The role of low-mass star clusters in massive star formation in Orion

TL;DR

This study uses deep X-ray observations to analyze the distribution and density of low-mass stars in Orion's massive star-forming regions, supporting the idea that low-mass star clusters play a crucial role in massive star formation.

Contribution

It provides new observational evidence linking low-mass star clustering with massive star formation, emphasizing the importance of dense gas and low-mass clusters in the process.

Findings

Low-mass stars cluster around massive star-forming regions in Orion.

Derived stellar densities reach up to 10^6 stars per cubic parsec.

Supports a model of massive star formation involving dense gas and low-mass star clusters.

Abstract

To distinguish between the different theories proposed to explain massive star formation, it is crucial to establish the distribution, the extinction, and the density of low-mass stars in massive star-forming regions.
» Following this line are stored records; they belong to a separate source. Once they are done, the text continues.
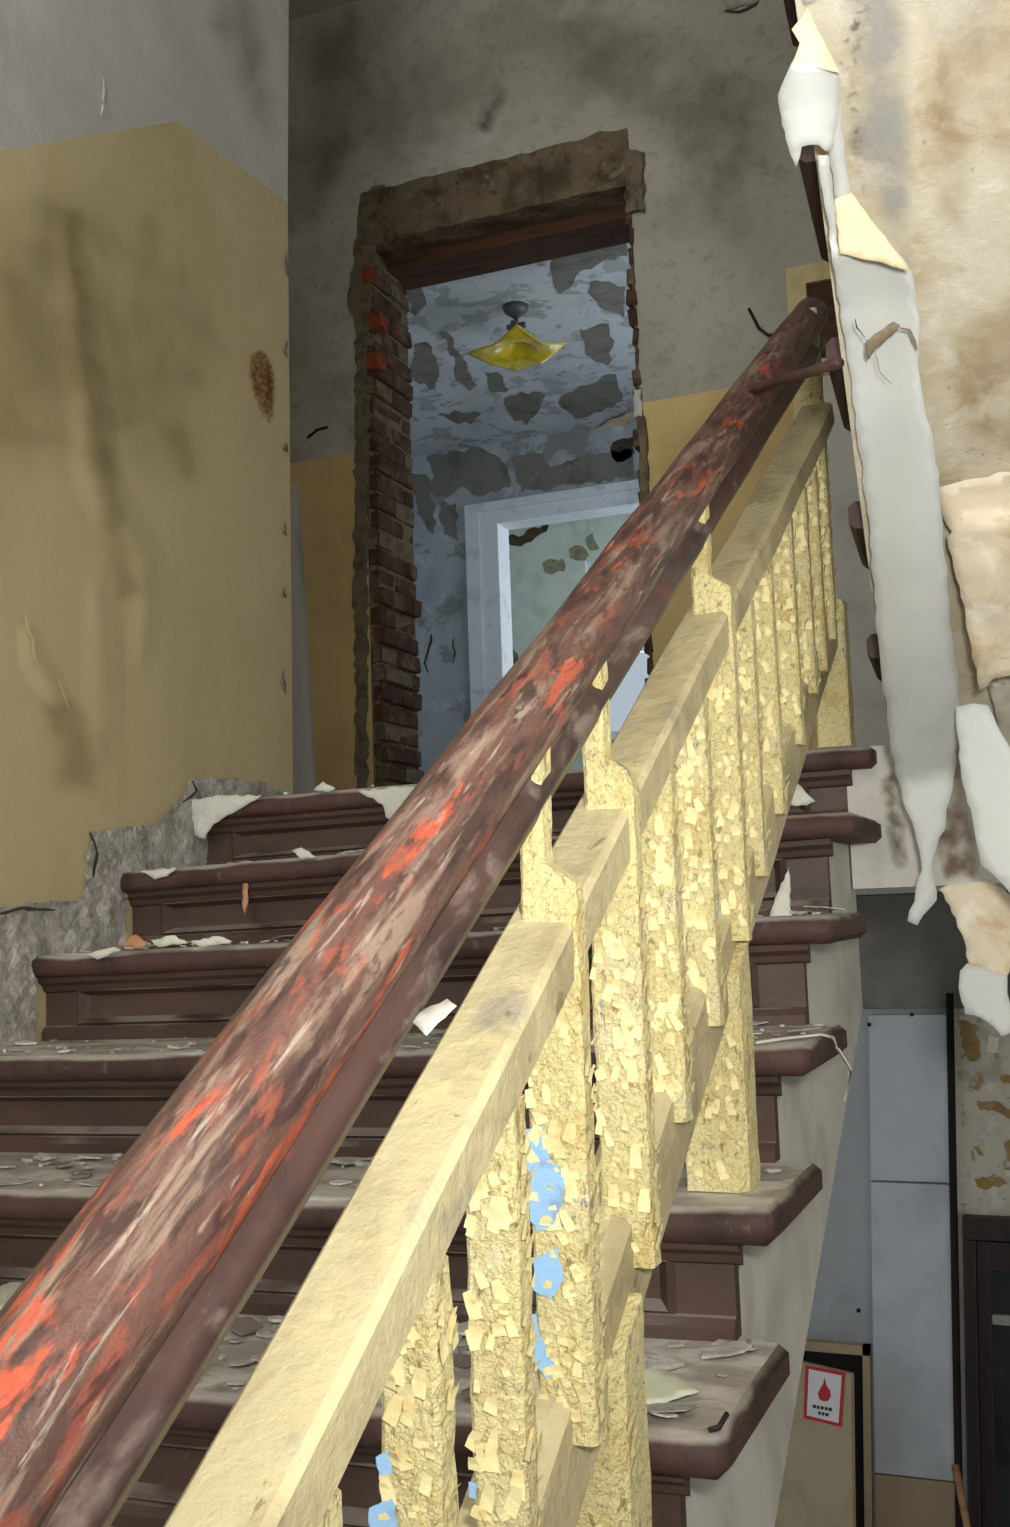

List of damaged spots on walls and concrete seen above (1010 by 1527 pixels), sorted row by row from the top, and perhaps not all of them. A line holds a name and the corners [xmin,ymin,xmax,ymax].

flaking render [624,149,647,215]
flaking render [347,184,415,819]
peeling [407,244,649,541]
peeling [778,0,1010,1119]
flaking render [0,777,284,1047]
peeling [314,782,335,792]
peeling [975,1140,1010,1190]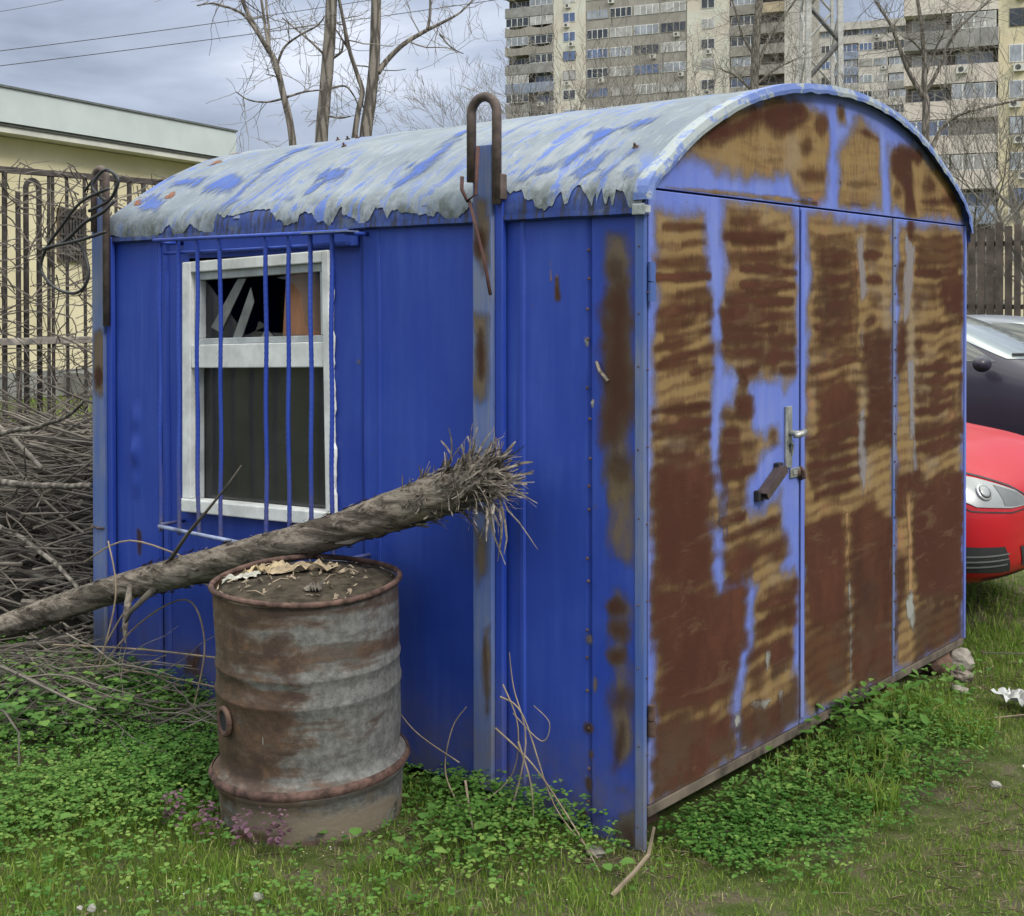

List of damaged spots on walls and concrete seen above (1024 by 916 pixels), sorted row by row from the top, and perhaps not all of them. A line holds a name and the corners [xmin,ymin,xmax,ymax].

peeling [110,89,756,237]
rust [474,199,489,269]
rust [473,314,488,401]
rust [600,234,635,561]
rust [649,95,964,805]
rust [606,594,632,761]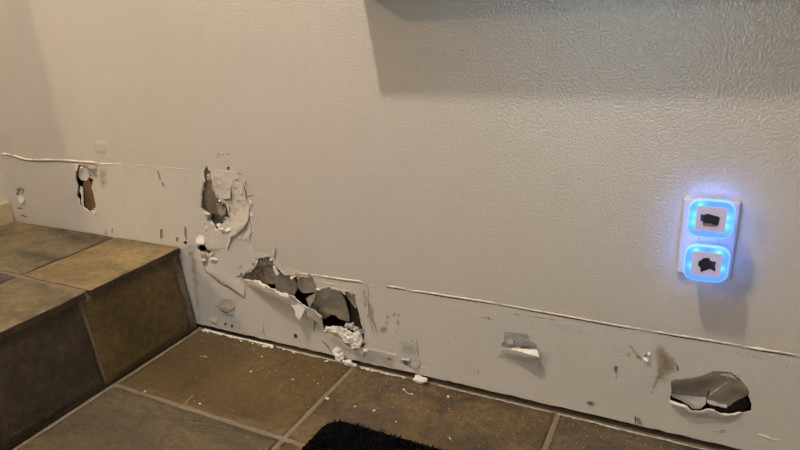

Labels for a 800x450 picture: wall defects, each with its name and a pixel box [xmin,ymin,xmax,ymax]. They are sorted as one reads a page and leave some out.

peeling [291,303,305,320]
spalling [501,332,539,357]

We analyzed deep X-ray observations of the Orion massive star-forming region using the Chandra Orion Ultradeep Project (COUP) catalog. We found that pre-main sequence (PMS) low-mass stars cluster toward the three massive star-forming regions: the Trapezium Cluster (TC), the Orion Hot Core (OHC), and OMC1-S. We derived low-mass stellar densities of 10^{5} stars pc^{-3} in the TC and OMC1-S, and of 10^{6} stars pc^{-3} in the OHC. The close association between the low-mass star clusters with massive star cradles supports the role of these clusters in the formation of massive stars. The X-ray observations show for the first time in the TC that low-mass stars with intermediate extinction are clustered toward the position of the most massive star, which is surrounded by a ring of non-extincted low-mass stars. Our analysis suggests that at least two basic ingredients are needed in massive star formation: the presence of dense gas and a cluster of low-mass stars. The scenario that better explains our findings assumes high fragmentation in the parental core, accretion at subcore scales that forms a low-mass stellar cluster, and subsequent competitive accretion.